In theory, any bilingual student or English learner who uses Spanish could have their written answers flagged for human review, alleviating fears that the system would give them lower scores.
Raña says that would be a form of discrimination, since bilingual children's essays would be graded differently than those who write only in English.
It also seemed strange to Raña that after adding more open-ended questions to the test, something that creates more room for student creativity, Texas will have most of its answers read by a computer instead of a person.
The automatic grading program was first used to grade essays from a smaller group of students who took the STAAR standardized test in December. Brown says school administrators told him they saw an increase in the number of students scoring zero on their written responses.
“Some individual districts have been alarmed by the number of zeros students are receiving,” Brown says. “I think it is too early to determine if it is attributable to the classification of the machine. The most important question is how to accurately communicate to families where a child might have written an essay and gotten a zero, and how to explain it. It's a hard thing to explain to someone.”
A TEA spokesperson confirmed to the Dallas Morning News that previous versions of the STAAR test only gave zeros to blank or nonsensical answers, and the new rubric allows zeros based on content.
High stakes
Concerns about the potential consequences of using ai to score standardized tests in Texas cannot be understood without also understanding the state's school accountability system, Brown says.
The Texas Education Agency summarizes a wide range of data, including STAAR test results, into a single letter grade from A to F for each district and school. It's a system that many feel out of touch, Brown says, and the stakes are high. One writer described the exam and the annual preparation for it as “A children's circus plagued by anxiety.”
The TEA can take over any school district that has five consecutive F's, as happened in the fall with the huge Houston Independent School District.
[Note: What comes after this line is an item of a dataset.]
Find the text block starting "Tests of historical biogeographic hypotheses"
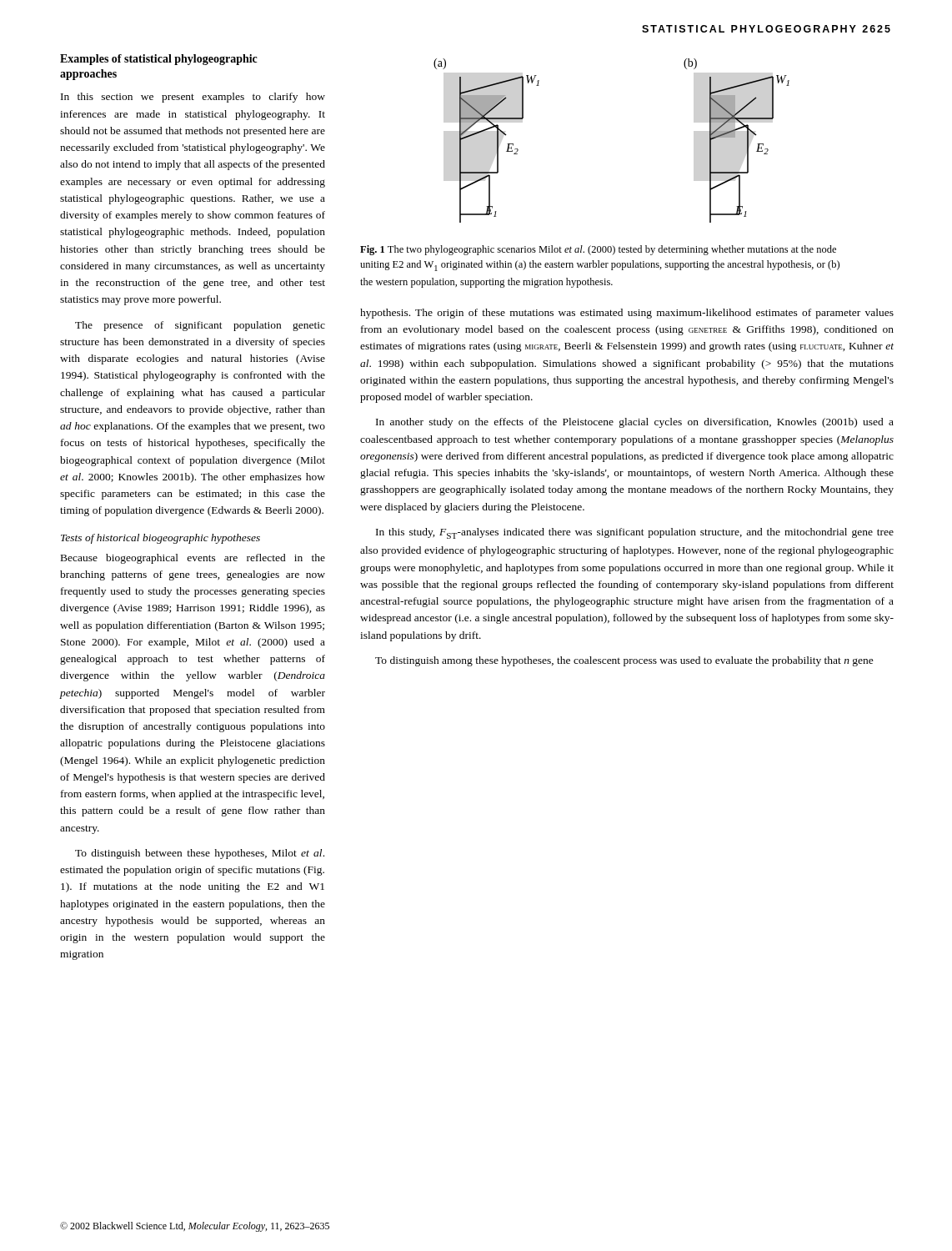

The takeover was prompted by failing grades at just one of its 274 schools, and both the superintendent and elected board of directors were replaced by state appointees. Since the acquisition, there has been seemingly non-stop news of protests on controversial changes in “low-performing” schools.
“The accountability system is a source of consternation for school districts and parents because sometimes it just doesn't seem to connect to what's really happening in the classroom,” Brown says. “So every time I think a change is made in the assessment, because accountability (the system) is a force, it makes people worry too much about the change. Especially in the absence of clear communication about what it is.”
Robison says her organization, which represents teachers and school staff, advocates for the complete abolition of the STAAR exam. The addition of an opaque, automated scoring system is not helping state education officials build trust.
“There is already a lot of mistrust about STAAR and what it is intended to represent and accomplish,” Robison says. “It does not accurately measure student performance and there are many suspicions that this will deepen distrust because of the way most of us were surprised by this.”